Records contained in a dataset:
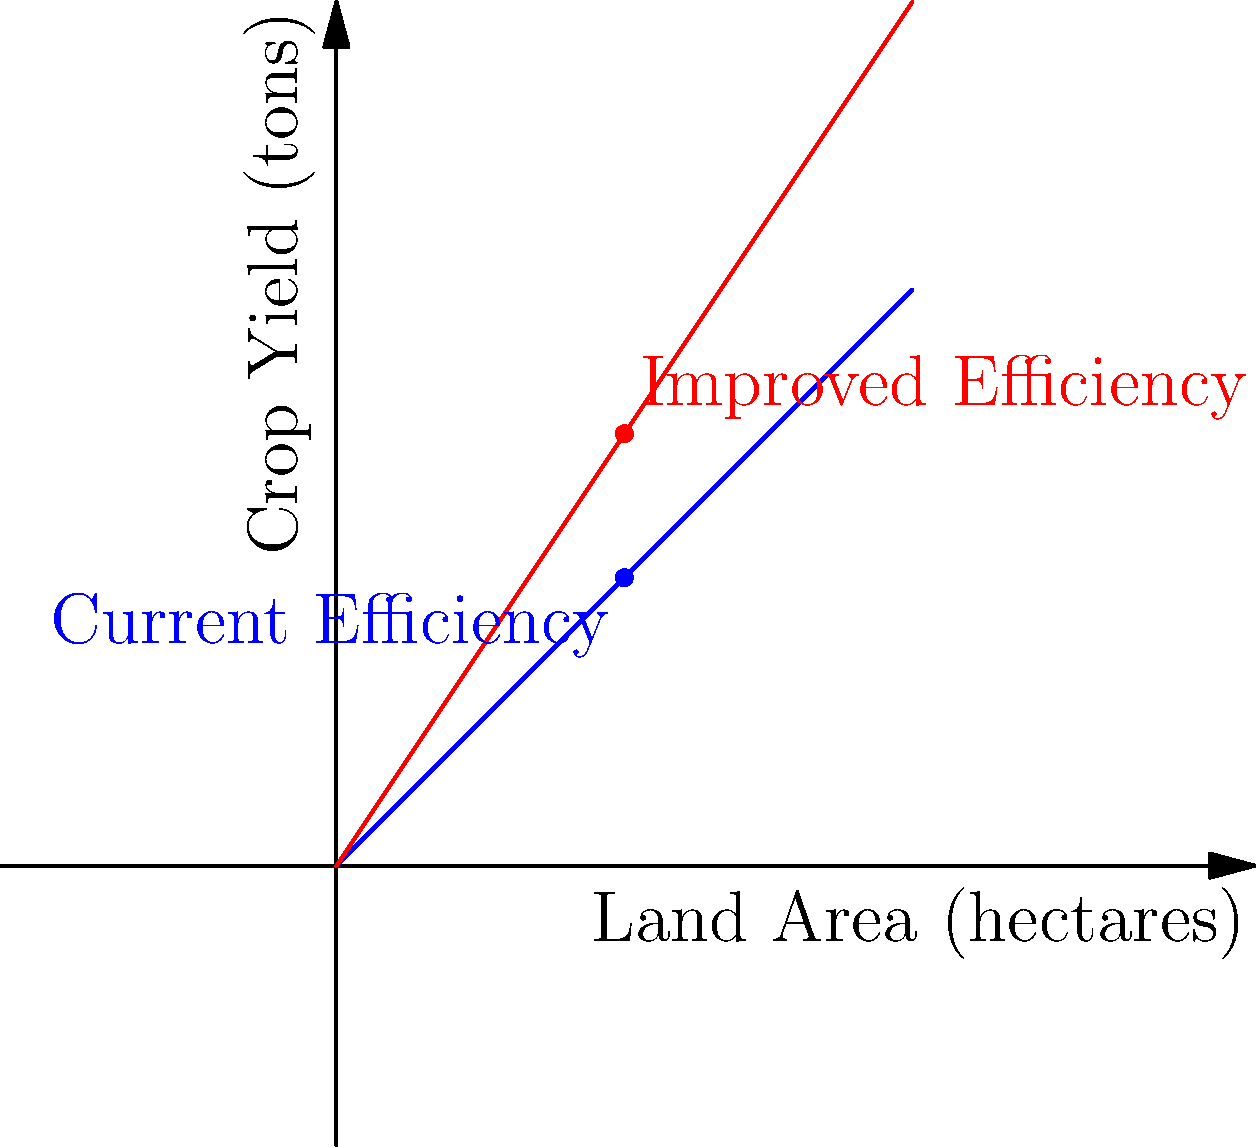A new agricultural policy aims to improve land use efficiency. The graph shows the relationship between land area and crop yield, with the blue line representing current efficiency and the red line representing improved efficiency after policy implementation. If a farm currently produces 50 tons of crops on 50 hectares of land, how many additional tons of crops could be produced on the same land area under the new policy? To solve this problem, we need to follow these steps:

1. Identify the current production point:
   - Current land area: 50 hectares
   - Current crop yield: 50 tons

2. Determine the improved production for the same land area:
   - The red line represents the improved efficiency
   - At 50 hectares (x-axis), the y-value on the red line represents the new crop yield

3. Calculate the difference:
   - Current efficiency point: (50, 50)
   - Improved efficiency point: (50, 75)
   - The y-coordinate difference represents the additional crop yield

4. Quantify the increase:
   $75 \text{ tons} - 50 \text{ tons} = 25 \text{ tons}$

Therefore, under the new policy, an additional 25 tons of crops could be produced on the same 50 hectares of land.
Answer: 25 tons 
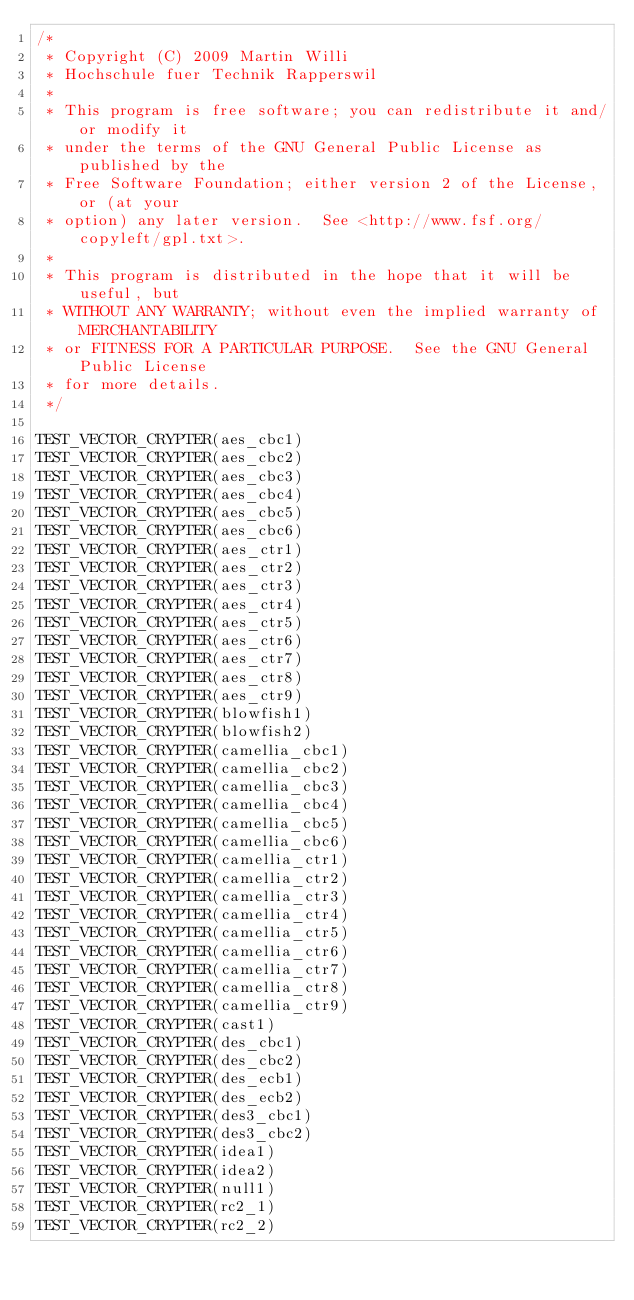Convert code to text. <code><loc_0><loc_0><loc_500><loc_500><_C_>/*
 * Copyright (C) 2009 Martin Willi
 * Hochschule fuer Technik Rapperswil
 *
 * This program is free software; you can redistribute it and/or modify it
 * under the terms of the GNU General Public License as published by the
 * Free Software Foundation; either version 2 of the License, or (at your
 * option) any later version.  See <http://www.fsf.org/copyleft/gpl.txt>.
 *
 * This program is distributed in the hope that it will be useful, but
 * WITHOUT ANY WARRANTY; without even the implied warranty of MERCHANTABILITY
 * or FITNESS FOR A PARTICULAR PURPOSE.  See the GNU General Public License
 * for more details.
 */

TEST_VECTOR_CRYPTER(aes_cbc1)
TEST_VECTOR_CRYPTER(aes_cbc2)
TEST_VECTOR_CRYPTER(aes_cbc3)
TEST_VECTOR_CRYPTER(aes_cbc4)
TEST_VECTOR_CRYPTER(aes_cbc5)
TEST_VECTOR_CRYPTER(aes_cbc6)
TEST_VECTOR_CRYPTER(aes_ctr1)
TEST_VECTOR_CRYPTER(aes_ctr2)
TEST_VECTOR_CRYPTER(aes_ctr3)
TEST_VECTOR_CRYPTER(aes_ctr4)
TEST_VECTOR_CRYPTER(aes_ctr5)
TEST_VECTOR_CRYPTER(aes_ctr6)
TEST_VECTOR_CRYPTER(aes_ctr7)
TEST_VECTOR_CRYPTER(aes_ctr8)
TEST_VECTOR_CRYPTER(aes_ctr9)
TEST_VECTOR_CRYPTER(blowfish1)
TEST_VECTOR_CRYPTER(blowfish2)
TEST_VECTOR_CRYPTER(camellia_cbc1)
TEST_VECTOR_CRYPTER(camellia_cbc2)
TEST_VECTOR_CRYPTER(camellia_cbc3)
TEST_VECTOR_CRYPTER(camellia_cbc4)
TEST_VECTOR_CRYPTER(camellia_cbc5)
TEST_VECTOR_CRYPTER(camellia_cbc6)
TEST_VECTOR_CRYPTER(camellia_ctr1)
TEST_VECTOR_CRYPTER(camellia_ctr2)
TEST_VECTOR_CRYPTER(camellia_ctr3)
TEST_VECTOR_CRYPTER(camellia_ctr4)
TEST_VECTOR_CRYPTER(camellia_ctr5)
TEST_VECTOR_CRYPTER(camellia_ctr6)
TEST_VECTOR_CRYPTER(camellia_ctr7)
TEST_VECTOR_CRYPTER(camellia_ctr8)
TEST_VECTOR_CRYPTER(camellia_ctr9)
TEST_VECTOR_CRYPTER(cast1)
TEST_VECTOR_CRYPTER(des_cbc1)
TEST_VECTOR_CRYPTER(des_cbc2)
TEST_VECTOR_CRYPTER(des_ecb1)
TEST_VECTOR_CRYPTER(des_ecb2)
TEST_VECTOR_CRYPTER(des3_cbc1)
TEST_VECTOR_CRYPTER(des3_cbc2)
TEST_VECTOR_CRYPTER(idea1)
TEST_VECTOR_CRYPTER(idea2)
TEST_VECTOR_CRYPTER(null1)
TEST_VECTOR_CRYPTER(rc2_1)
TEST_VECTOR_CRYPTER(rc2_2)</code>

WHAT THIS TASK INVOLVES>
Return all of the entries word for word, but omit the pictures.

SOLUTION TO THE PROBLEM>
A new agricultural policy aims to improve land use efficiency. The graph shows the relationship between land area and crop yield, with the blue line representing current efficiency and the red line representing improved efficiency after policy implementation. If a farm currently produces 50 tons of crops on 50 hectares of land, how many additional tons of crops could be produced on the same land area under the new policy? To solve this problem, we need to follow these steps:

1. Identify the current production point:
   - Current land area: 50 hectares
   - Current crop yield: 50 tons

2. Determine the improved production for the same land area:
   - The red line represents the improved efficiency
   - At 50 hectares (x-axis), the y-value on the red line represents the new crop yield

3. Calculate the difference:
   - Current efficiency point: (50, 50)
   - Improved efficiency point: (50, 75)
   - The y-coordinate difference represents the additional crop yield

4. Quantify the increase:
   $75 \text{ tons} - 50 \text{ tons} = 25 \text{ tons}$

Therefore, under the new policy, an additional 25 tons of crops could be produced on the same 50 hectares of land.
Answer: 25 tons 
Convert code to text. <code><loc_0><loc_0><loc_500><loc_500><_C_>/*
 * Copyright (C) 2009 Martin Willi
 * Hochschule fuer Technik Rapperswil
 *
 * This program is free software; you can redistribute it and/or modify it
 * under the terms of the GNU General Public License as published by the
 * Free Software Foundation; either version 2 of the License, or (at your
 * option) any later version.  See <http://www.fsf.org/copyleft/gpl.txt>.
 *
 * This program is distributed in the hope that it will be useful, but
 * WITHOUT ANY WARRANTY; without even the implied warranty of MERCHANTABILITY
 * or FITNESS FOR A PARTICULAR PURPOSE.  See the GNU General Public License
 * for more details.
 */

TEST_VECTOR_CRYPTER(aes_cbc1)
TEST_VECTOR_CRYPTER(aes_cbc2)
TEST_VECTOR_CRYPTER(aes_cbc3)
TEST_VECTOR_CRYPTER(aes_cbc4)
TEST_VECTOR_CRYPTER(aes_cbc5)
TEST_VECTOR_CRYPTER(aes_cbc6)
TEST_VECTOR_CRYPTER(aes_ctr1)
TEST_VECTOR_CRYPTER(aes_ctr2)
TEST_VECTOR_CRYPTER(aes_ctr3)
TEST_VECTOR_CRYPTER(aes_ctr4)
TEST_VECTOR_CRYPTER(aes_ctr5)
TEST_VECTOR_CRYPTER(aes_ctr6)
TEST_VECTOR_CRYPTER(aes_ctr7)
TEST_VECTOR_CRYPTER(aes_ctr8)
TEST_VECTOR_CRYPTER(aes_ctr9)
TEST_VECTOR_CRYPTER(blowfish1)
TEST_VECTOR_CRYPTER(blowfish2)
TEST_VECTOR_CRYPTER(camellia_cbc1)
TEST_VECTOR_CRYPTER(camellia_cbc2)
TEST_VECTOR_CRYPTER(camellia_cbc3)
TEST_VECTOR_CRYPTER(camellia_cbc4)
TEST_VECTOR_CRYPTER(camellia_cbc5)
TEST_VECTOR_CRYPTER(camellia_cbc6)
TEST_VECTOR_CRYPTER(camellia_ctr1)
TEST_VECTOR_CRYPTER(camellia_ctr2)
TEST_VECTOR_CRYPTER(camellia_ctr3)
TEST_VECTOR_CRYPTER(camellia_ctr4)
TEST_VECTOR_CRYPTER(camellia_ctr5)
TEST_VECTOR_CRYPTER(camellia_ctr6)
TEST_VECTOR_CRYPTER(camellia_ctr7)
TEST_VECTOR_CRYPTER(camellia_ctr8)
TEST_VECTOR_CRYPTER(camellia_ctr9)
TEST_VECTOR_CRYPTER(cast1)
TEST_VECTOR_CRYPTER(des_cbc1)
TEST_VECTOR_CRYPTER(des_cbc2)
TEST_VECTOR_CRYPTER(des_ecb1)
TEST_VECTOR_CRYPTER(des_ecb2)
TEST_VECTOR_CRYPTER(des3_cbc1)
TEST_VECTOR_CRYPTER(des3_cbc2)
TEST_VECTOR_CRYPTER(idea1)
TEST_VECTOR_CRYPTER(idea2)
TEST_VECTOR_CRYPTER(null1)
TEST_VECTOR_CRYPTER(rc2_1)
TEST_VECTOR_CRYPTER(rc2_2)</code>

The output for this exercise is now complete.